**YOUR OBJECTIVE**
Print the entire listing. Each line must match the original exactly.

**SOURCE MATERIAL**
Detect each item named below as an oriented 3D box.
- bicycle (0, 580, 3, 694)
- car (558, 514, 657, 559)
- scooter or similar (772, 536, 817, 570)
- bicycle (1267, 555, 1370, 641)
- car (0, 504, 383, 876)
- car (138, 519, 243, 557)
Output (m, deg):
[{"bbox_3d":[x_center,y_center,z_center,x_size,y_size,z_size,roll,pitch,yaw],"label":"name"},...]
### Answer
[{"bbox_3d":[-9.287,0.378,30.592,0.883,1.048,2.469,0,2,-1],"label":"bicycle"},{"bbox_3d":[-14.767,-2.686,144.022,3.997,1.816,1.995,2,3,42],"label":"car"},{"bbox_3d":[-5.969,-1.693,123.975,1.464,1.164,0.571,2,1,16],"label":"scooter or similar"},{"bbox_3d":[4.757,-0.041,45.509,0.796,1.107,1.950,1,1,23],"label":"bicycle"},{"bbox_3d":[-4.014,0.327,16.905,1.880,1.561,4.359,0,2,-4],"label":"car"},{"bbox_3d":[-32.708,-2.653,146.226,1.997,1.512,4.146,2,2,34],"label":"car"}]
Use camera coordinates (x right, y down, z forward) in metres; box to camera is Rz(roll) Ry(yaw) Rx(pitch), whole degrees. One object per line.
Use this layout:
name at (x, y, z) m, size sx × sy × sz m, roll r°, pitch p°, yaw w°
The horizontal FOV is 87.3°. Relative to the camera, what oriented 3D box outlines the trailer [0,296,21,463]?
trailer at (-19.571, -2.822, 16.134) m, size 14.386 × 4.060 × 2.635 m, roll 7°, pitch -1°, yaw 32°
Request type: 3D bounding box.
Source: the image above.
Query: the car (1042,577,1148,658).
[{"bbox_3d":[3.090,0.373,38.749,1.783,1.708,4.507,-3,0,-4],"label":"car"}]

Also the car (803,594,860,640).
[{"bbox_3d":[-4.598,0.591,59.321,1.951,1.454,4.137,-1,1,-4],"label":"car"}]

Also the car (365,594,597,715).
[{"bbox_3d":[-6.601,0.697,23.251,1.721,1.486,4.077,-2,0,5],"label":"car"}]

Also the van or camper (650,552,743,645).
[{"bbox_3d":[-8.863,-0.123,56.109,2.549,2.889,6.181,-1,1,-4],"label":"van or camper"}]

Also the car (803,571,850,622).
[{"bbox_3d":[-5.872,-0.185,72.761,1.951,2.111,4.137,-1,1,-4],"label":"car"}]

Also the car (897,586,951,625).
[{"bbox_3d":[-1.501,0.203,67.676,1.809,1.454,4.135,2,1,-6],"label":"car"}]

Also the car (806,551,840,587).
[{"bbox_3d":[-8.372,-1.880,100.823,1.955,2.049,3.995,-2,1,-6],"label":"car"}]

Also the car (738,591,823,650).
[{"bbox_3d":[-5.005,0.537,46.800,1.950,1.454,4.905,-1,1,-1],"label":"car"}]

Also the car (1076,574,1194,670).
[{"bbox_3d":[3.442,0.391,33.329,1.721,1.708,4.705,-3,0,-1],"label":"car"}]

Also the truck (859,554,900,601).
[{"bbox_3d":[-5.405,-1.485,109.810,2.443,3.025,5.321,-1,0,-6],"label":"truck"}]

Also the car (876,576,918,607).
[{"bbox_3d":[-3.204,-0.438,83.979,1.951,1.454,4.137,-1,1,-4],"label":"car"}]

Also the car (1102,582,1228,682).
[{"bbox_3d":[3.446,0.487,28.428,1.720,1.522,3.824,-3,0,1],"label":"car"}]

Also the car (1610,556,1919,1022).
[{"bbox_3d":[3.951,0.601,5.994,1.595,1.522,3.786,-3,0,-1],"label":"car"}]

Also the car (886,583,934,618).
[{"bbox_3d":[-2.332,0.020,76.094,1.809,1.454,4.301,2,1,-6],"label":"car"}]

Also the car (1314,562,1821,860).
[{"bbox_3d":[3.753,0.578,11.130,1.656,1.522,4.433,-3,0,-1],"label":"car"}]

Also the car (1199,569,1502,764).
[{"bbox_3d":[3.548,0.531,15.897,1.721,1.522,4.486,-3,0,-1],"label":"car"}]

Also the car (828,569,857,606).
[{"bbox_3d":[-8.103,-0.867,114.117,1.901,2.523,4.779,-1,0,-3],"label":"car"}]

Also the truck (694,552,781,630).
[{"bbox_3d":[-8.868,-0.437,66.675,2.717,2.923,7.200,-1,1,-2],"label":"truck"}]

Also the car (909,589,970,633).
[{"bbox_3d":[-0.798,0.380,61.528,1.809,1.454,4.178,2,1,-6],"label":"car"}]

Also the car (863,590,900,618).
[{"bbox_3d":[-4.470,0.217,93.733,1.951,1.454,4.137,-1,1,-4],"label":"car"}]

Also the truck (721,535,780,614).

**FINISHED EXERCISE**
Detect each item named below as an oriented 3D box.
- bicycle (0, 580, 3, 694)
- car (558, 514, 657, 559)
- scooter or similar (772, 536, 817, 570)
- bicycle (1267, 555, 1370, 641)
- car (0, 504, 383, 876)
- car (138, 519, 243, 557)
Output (m, deg):
[{"bbox_3d":[x_center,y_center,z_center,x_size,y_size,z_size,roll,pitch,yaw],"label":"name"},...]
### Answer
[{"bbox_3d":[-9.287,0.378,30.592,0.883,1.048,2.469,0,2,-1],"label":"bicycle"},{"bbox_3d":[-14.767,-2.686,144.022,3.997,1.816,1.995,2,3,42],"label":"car"},{"bbox_3d":[-5.969,-1.693,123.975,1.464,1.164,0.571,2,1,16],"label":"scooter or similar"},{"bbox_3d":[4.757,-0.041,45.509,0.796,1.107,1.950,1,1,23],"label":"bicycle"},{"bbox_3d":[-4.014,0.327,16.905,1.880,1.561,4.359,0,2,-4],"label":"car"},{"bbox_3d":[-32.708,-2.653,146.226,1.997,1.512,4.146,2,2,34],"label":"car"}]
Use camera coordinates (x right, y down, z forward) in metres; box to camera is Rz(roll) Ry(yaw) Rx(pitch), whole degrees. One object per line.
Use this layout:
name at (x, y, z) m, size sx × sy × sz m, roll r°, pitch p°, yaw w°
The horizontal FOV is 87.3°. Relative to the camera, what oriented 3D box outlines the trailer [0,296,21,463]?
trailer at (-19.571, -2.822, 16.134) m, size 14.386 × 4.060 × 2.635 m, roll 7°, pitch -1°, yaw 32°
Request type: 3D bounding box.
Source: the image above.
Query: the car (1042,577,1148,658).
[{"bbox_3d":[3.090,0.373,38.749,1.783,1.708,4.507,-3,0,-4],"label":"car"}]

Also the car (803,594,860,640).
[{"bbox_3d":[-4.598,0.591,59.321,1.951,1.454,4.137,-1,1,-4],"label":"car"}]

Also the car (365,594,597,715).
[{"bbox_3d":[-6.601,0.697,23.251,1.721,1.486,4.077,-2,0,5],"label":"car"}]

Also the van or camper (650,552,743,645).
[{"bbox_3d":[-8.863,-0.123,56.109,2.549,2.889,6.181,-1,1,-4],"label":"van or camper"}]

Also the car (803,571,850,622).
[{"bbox_3d":[-5.872,-0.185,72.761,1.951,2.111,4.137,-1,1,-4],"label":"car"}]

Also the car (897,586,951,625).
[{"bbox_3d":[-1.501,0.203,67.676,1.809,1.454,4.135,2,1,-6],"label":"car"}]

Also the car (806,551,840,587).
[{"bbox_3d":[-8.372,-1.880,100.823,1.955,2.049,3.995,-2,1,-6],"label":"car"}]

Also the car (738,591,823,650).
[{"bbox_3d":[-5.005,0.537,46.800,1.950,1.454,4.905,-1,1,-1],"label":"car"}]

Also the car (1076,574,1194,670).
[{"bbox_3d":[3.442,0.391,33.329,1.721,1.708,4.705,-3,0,-1],"label":"car"}]

Also the truck (859,554,900,601).
[{"bbox_3d":[-5.405,-1.485,109.810,2.443,3.025,5.321,-1,0,-6],"label":"truck"}]

Also the car (876,576,918,607).
[{"bbox_3d":[-3.204,-0.438,83.979,1.951,1.454,4.137,-1,1,-4],"label":"car"}]

Also the car (1102,582,1228,682).
[{"bbox_3d":[3.446,0.487,28.428,1.720,1.522,3.824,-3,0,1],"label":"car"}]

Also the car (1610,556,1919,1022).
[{"bbox_3d":[3.951,0.601,5.994,1.595,1.522,3.786,-3,0,-1],"label":"car"}]

Also the car (886,583,934,618).
[{"bbox_3d":[-2.332,0.020,76.094,1.809,1.454,4.301,2,1,-6],"label":"car"}]

Also the car (1314,562,1821,860).
[{"bbox_3d":[3.753,0.578,11.130,1.656,1.522,4.433,-3,0,-1],"label":"car"}]

Also the car (1199,569,1502,764).
[{"bbox_3d":[3.548,0.531,15.897,1.721,1.522,4.486,-3,0,-1],"label":"car"}]

Also the car (828,569,857,606).
[{"bbox_3d":[-8.103,-0.867,114.117,1.901,2.523,4.779,-1,0,-3],"label":"car"}]

Also the truck (694,552,781,630).
[{"bbox_3d":[-8.868,-0.437,66.675,2.717,2.923,7.200,-1,1,-2],"label":"truck"}]

Also the car (909,589,970,633).
[{"bbox_3d":[-0.798,0.380,61.528,1.809,1.454,4.178,2,1,-6],"label":"car"}]

Also the car (863,590,900,618).
[{"bbox_3d":[-4.470,0.217,93.733,1.951,1.454,4.137,-1,1,-4],"label":"car"}]

Also the truck (721,535,780,614).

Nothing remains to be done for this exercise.